TASK STATEMENT: Reproduce word for word, from the entries below, the line with "edge.add_line((5191.843, 4983.081), (5265.843, 4983.081))", the line with "edge.add_line((7189.843, 4799.081), (6994.033, 4799.081))", and every line between them, and nothing more.

##### EXCERPTED RECORDS

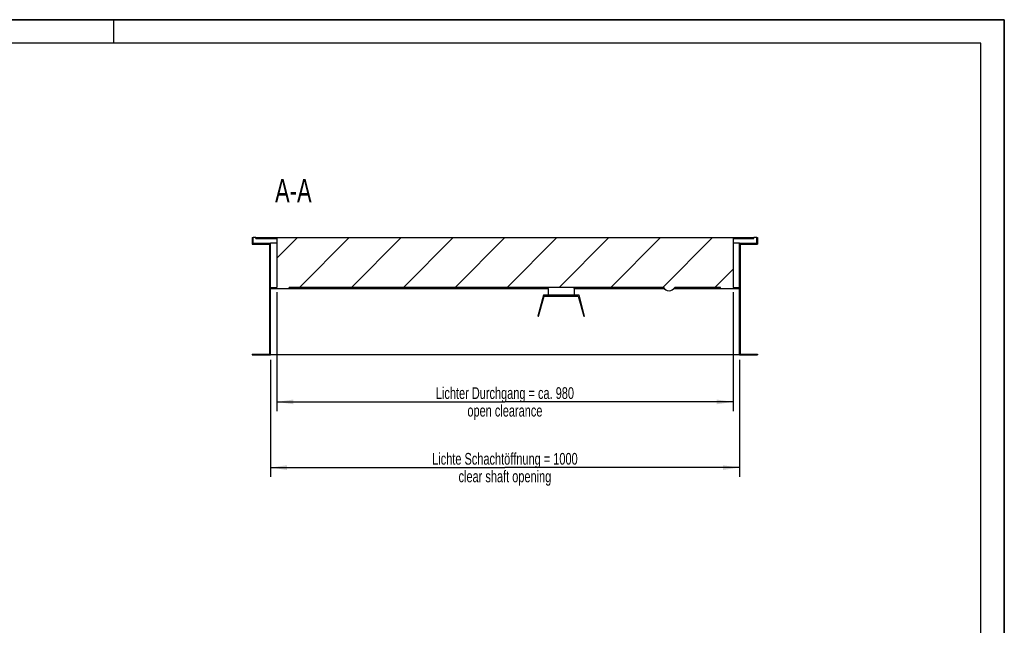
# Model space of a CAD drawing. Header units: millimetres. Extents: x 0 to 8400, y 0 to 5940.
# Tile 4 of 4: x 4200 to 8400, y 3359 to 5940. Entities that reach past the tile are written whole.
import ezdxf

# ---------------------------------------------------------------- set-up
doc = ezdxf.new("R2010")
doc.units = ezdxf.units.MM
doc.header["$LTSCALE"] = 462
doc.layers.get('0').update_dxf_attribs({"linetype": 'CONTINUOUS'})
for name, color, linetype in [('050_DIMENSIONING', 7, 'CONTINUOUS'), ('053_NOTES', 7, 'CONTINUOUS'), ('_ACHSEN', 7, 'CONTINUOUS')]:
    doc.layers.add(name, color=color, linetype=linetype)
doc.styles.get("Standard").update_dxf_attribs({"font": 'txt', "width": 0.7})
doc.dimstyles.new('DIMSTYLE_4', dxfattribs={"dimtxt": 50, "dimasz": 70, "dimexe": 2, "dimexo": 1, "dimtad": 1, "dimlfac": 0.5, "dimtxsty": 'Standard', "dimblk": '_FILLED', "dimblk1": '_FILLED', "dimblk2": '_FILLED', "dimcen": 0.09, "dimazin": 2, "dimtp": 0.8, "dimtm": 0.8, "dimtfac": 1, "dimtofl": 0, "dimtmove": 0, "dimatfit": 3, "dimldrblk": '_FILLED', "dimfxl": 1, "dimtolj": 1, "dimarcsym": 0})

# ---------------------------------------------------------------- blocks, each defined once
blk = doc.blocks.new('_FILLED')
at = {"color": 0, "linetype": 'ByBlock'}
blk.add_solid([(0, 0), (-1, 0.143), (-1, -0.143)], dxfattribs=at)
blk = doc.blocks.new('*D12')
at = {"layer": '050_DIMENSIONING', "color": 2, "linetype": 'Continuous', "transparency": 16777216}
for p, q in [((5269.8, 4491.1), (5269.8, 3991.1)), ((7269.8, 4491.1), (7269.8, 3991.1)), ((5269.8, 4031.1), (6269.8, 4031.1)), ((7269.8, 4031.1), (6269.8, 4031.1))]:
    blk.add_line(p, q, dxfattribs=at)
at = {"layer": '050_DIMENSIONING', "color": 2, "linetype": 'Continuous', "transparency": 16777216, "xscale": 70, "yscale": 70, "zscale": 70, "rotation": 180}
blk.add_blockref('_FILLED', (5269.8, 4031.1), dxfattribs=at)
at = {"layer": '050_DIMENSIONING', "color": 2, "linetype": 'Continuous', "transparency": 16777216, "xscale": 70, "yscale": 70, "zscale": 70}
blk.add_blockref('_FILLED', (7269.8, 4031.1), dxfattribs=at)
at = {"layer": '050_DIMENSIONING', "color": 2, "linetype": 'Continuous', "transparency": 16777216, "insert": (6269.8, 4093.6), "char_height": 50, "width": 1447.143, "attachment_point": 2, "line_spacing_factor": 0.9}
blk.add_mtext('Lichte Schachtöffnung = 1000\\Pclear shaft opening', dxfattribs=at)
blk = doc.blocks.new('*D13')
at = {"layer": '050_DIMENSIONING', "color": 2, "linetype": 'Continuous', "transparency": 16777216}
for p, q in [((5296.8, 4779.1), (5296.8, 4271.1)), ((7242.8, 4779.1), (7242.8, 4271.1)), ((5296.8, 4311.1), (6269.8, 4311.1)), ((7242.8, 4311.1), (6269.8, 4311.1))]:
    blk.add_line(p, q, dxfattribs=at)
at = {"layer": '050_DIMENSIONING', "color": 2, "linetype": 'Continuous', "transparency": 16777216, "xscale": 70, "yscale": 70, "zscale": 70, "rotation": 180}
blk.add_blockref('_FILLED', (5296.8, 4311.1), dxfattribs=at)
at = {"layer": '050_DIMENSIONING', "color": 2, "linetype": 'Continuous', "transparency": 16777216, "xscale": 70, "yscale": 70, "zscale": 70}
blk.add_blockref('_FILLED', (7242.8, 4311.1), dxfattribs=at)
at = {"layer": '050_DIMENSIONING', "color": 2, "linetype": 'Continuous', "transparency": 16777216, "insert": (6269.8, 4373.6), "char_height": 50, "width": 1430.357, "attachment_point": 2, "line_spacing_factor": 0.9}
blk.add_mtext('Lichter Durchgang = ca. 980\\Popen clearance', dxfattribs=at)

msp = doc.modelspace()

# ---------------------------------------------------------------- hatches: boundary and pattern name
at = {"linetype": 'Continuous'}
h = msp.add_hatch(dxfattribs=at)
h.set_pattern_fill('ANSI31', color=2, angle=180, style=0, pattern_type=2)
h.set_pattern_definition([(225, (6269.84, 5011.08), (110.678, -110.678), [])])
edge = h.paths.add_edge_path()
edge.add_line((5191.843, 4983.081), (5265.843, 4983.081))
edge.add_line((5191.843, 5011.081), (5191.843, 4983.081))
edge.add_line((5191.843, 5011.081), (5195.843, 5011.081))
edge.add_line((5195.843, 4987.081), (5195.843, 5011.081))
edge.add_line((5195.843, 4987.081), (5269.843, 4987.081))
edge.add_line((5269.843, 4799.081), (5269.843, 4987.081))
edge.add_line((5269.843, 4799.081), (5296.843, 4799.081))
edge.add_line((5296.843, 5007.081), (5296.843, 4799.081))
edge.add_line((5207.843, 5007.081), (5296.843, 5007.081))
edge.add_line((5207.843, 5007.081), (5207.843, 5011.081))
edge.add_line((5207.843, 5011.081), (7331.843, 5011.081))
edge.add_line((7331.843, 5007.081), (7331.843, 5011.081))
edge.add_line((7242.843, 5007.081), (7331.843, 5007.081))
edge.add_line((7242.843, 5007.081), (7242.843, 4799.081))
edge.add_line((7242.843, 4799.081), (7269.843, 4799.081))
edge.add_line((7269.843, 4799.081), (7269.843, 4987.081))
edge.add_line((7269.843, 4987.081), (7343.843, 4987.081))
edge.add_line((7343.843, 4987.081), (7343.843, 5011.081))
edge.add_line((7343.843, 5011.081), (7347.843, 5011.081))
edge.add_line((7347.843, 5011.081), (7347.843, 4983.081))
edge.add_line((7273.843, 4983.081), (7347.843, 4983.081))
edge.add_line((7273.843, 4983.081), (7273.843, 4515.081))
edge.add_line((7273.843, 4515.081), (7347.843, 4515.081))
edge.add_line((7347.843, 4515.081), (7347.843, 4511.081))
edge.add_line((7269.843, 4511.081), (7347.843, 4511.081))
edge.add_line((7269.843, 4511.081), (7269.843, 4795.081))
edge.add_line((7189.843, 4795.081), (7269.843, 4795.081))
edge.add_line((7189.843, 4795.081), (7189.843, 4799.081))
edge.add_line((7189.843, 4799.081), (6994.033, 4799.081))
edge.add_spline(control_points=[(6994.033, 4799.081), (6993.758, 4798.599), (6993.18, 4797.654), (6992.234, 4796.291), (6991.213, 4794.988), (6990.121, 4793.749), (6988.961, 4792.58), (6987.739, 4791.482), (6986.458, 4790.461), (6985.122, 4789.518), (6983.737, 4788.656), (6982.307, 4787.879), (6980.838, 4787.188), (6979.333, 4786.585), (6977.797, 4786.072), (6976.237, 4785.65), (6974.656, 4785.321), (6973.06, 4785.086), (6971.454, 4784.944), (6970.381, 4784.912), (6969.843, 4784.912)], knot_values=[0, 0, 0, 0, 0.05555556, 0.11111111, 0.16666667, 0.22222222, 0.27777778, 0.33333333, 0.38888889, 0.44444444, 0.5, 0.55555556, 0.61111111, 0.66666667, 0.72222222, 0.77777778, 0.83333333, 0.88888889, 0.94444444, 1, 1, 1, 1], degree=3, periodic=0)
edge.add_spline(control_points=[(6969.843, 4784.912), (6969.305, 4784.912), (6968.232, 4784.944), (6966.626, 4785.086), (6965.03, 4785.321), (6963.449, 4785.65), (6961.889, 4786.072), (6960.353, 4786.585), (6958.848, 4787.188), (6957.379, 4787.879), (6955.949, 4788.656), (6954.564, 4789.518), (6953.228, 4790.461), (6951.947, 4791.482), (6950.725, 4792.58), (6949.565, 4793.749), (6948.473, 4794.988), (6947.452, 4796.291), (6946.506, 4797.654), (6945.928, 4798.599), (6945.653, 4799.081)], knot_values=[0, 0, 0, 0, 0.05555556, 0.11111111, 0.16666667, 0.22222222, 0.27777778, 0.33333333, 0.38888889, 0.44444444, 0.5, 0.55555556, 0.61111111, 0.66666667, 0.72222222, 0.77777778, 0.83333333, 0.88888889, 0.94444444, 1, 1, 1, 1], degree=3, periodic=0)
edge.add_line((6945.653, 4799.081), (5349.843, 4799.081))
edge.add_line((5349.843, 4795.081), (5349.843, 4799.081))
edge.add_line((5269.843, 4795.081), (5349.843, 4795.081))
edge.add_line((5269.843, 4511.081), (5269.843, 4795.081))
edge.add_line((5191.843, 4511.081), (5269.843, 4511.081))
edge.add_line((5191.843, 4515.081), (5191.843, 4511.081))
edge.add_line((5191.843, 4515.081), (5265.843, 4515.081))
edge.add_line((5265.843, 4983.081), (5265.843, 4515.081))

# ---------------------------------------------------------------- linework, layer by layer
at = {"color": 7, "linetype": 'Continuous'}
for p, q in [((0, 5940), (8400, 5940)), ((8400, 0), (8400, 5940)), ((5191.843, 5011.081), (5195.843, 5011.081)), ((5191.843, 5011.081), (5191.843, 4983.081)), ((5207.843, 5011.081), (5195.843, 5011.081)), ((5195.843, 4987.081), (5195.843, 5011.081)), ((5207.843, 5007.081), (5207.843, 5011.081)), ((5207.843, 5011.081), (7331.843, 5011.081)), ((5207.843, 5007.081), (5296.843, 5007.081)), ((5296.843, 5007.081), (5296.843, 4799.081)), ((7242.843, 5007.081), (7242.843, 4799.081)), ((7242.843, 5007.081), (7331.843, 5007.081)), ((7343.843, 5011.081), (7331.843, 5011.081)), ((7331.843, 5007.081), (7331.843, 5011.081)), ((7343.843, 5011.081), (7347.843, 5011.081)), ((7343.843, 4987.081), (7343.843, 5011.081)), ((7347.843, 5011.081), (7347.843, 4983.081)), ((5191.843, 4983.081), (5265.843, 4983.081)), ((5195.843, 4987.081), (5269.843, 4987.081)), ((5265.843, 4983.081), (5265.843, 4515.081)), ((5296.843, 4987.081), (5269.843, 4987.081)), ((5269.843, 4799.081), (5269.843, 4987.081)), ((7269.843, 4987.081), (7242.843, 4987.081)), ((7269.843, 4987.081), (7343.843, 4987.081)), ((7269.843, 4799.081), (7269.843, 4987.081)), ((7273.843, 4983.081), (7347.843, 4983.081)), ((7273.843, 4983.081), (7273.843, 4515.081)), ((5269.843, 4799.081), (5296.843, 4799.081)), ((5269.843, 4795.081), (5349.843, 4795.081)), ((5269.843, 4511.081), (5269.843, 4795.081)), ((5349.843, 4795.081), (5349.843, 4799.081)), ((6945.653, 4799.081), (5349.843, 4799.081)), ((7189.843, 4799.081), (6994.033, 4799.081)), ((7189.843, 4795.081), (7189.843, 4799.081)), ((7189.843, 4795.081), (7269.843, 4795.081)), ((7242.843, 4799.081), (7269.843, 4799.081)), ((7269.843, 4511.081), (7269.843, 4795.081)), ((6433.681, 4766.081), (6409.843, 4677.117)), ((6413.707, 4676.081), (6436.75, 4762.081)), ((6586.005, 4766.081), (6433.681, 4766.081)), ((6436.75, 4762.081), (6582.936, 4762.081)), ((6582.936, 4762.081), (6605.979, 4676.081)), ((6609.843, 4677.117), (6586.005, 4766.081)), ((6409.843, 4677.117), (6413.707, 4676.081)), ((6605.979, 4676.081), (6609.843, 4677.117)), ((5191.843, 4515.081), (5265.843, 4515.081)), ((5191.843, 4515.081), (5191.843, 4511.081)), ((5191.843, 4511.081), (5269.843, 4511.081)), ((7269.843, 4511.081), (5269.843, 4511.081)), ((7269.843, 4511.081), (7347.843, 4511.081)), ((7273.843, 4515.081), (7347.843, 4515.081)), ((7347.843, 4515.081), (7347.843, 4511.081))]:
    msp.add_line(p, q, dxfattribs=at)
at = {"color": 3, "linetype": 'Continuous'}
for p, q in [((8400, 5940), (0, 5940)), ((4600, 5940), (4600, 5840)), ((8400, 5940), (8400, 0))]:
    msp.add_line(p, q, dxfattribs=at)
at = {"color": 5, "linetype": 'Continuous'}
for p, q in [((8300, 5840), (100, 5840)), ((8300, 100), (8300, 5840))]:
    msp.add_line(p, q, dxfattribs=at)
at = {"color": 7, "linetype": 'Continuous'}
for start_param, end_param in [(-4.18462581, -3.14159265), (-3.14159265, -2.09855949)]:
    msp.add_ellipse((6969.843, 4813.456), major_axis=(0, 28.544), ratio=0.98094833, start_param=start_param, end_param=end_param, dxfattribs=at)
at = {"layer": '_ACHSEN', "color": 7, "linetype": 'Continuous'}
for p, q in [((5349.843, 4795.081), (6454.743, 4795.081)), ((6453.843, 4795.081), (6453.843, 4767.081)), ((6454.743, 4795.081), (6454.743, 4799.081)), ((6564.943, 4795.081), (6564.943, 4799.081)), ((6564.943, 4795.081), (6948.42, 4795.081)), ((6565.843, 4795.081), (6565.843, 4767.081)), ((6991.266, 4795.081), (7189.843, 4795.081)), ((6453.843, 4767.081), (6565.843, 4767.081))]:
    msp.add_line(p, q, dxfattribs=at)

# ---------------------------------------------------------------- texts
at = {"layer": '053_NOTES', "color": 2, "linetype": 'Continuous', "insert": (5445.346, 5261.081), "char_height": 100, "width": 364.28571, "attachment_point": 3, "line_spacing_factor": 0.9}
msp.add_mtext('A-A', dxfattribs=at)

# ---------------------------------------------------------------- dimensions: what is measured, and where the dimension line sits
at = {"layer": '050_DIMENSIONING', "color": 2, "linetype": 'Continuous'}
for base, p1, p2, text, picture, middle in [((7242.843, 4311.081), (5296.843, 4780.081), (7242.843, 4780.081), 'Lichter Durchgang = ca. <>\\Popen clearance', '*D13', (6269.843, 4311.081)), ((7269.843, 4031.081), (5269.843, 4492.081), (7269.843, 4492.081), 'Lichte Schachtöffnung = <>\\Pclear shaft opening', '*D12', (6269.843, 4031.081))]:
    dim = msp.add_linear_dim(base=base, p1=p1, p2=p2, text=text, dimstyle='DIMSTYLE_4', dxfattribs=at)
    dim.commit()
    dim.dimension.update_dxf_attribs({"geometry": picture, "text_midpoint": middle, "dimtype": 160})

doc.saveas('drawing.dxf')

##########

WRITTEN SOLUTION:
edge.add_line((5191.843, 4983.081), (5265.843, 4983.081))
edge.add_line((5191.843, 5011.081), (5191.843, 4983.081))
edge.add_line((5191.843, 5011.081), (5195.843, 5011.081))
edge.add_line((5195.843, 4987.081), (5195.843, 5011.081))
edge.add_line((5195.843, 4987.081), (5269.843, 4987.081))
edge.add_line((5269.843, 4799.081), (5269.843, 4987.081))
edge.add_line((5269.843, 4799.081), (5296.843, 4799.081))
edge.add_line((5296.843, 5007.081), (5296.843, 4799.081))
edge.add_line((5207.843, 5007.081), (5296.843, 5007.081))
edge.add_line((5207.843, 5007.081), (5207.843, 5011.081))
edge.add_line((5207.843, 5011.081), (7331.843, 5011.081))
edge.add_line((7331.843, 5007.081), (7331.843, 5011.081))
edge.add_line((7242.843, 5007.081), (7331.843, 5007.081))
edge.add_line((7242.843, 5007.081), (7242.843, 4799.081))
edge.add_line((7242.843, 4799.081), (7269.843, 4799.081))
edge.add_line((7269.843, 4799.081), (7269.843, 4987.081))
edge.add_line((7269.843, 4987.081), (7343.843, 4987.081))
edge.add_line((7343.843, 4987.081), (7343.843, 5011.081))
edge.add_line((7343.843, 5011.081), (7347.843, 5011.081))
edge.add_line((7347.843, 5011.081), (7347.843, 4983.081))
edge.add_line((7273.843, 4983.081), (7347.843, 4983.081))
edge.add_line((7273.843, 4983.081), (7273.843, 4515.081))
edge.add_line((7273.843, 4515.081), (7347.843, 4515.081))
edge.add_line((7347.843, 4515.081), (7347.843, 4511.081))
edge.add_line((7269.843, 4511.081), (7347.843, 4511.081))
edge.add_line((7269.843, 4511.081), (7269.843, 4795.081))
edge.add_line((7189.843, 4795.081), (7269.843, 4795.081))
edge.add_line((7189.843, 4795.081), (7189.843, 4799.081))
edge.add_line((7189.843, 4799.081), (6994.033, 4799.081))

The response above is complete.